** Opening Supplied material block **

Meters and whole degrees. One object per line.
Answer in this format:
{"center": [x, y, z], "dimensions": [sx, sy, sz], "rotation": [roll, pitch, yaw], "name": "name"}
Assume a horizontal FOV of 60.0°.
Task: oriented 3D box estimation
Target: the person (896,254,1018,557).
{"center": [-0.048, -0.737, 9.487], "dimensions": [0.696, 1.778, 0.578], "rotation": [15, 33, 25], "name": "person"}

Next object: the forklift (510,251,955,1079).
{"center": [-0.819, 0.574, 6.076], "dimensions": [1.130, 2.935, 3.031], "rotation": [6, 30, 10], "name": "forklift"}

** Closing Supplied material block **

**What is being asked**
Whatever appears in the lines above should be copied exactly.

**Response for this exercise**
Meters and whole degrees. One object per line.
Answer in this format:
{"center": [x, y, z], "dimensions": [sx, sy, sz], "rotation": [roll, pitch, yaw], "name": "name"}
Assume a horizontal FOV of 60.0°.
Task: oriented 3D box estimation
Target: the person (896,254,1018,557).
{"center": [-0.048, -0.737, 9.487], "dimensions": [0.696, 1.778, 0.578], "rotation": [15, 33, 25], "name": "person"}

Next object: the forklift (510,251,955,1079).
{"center": [-0.819, 0.574, 6.076], "dimensions": [1.130, 2.935, 3.031], "rotation": [6, 30, 10], "name": "forklift"}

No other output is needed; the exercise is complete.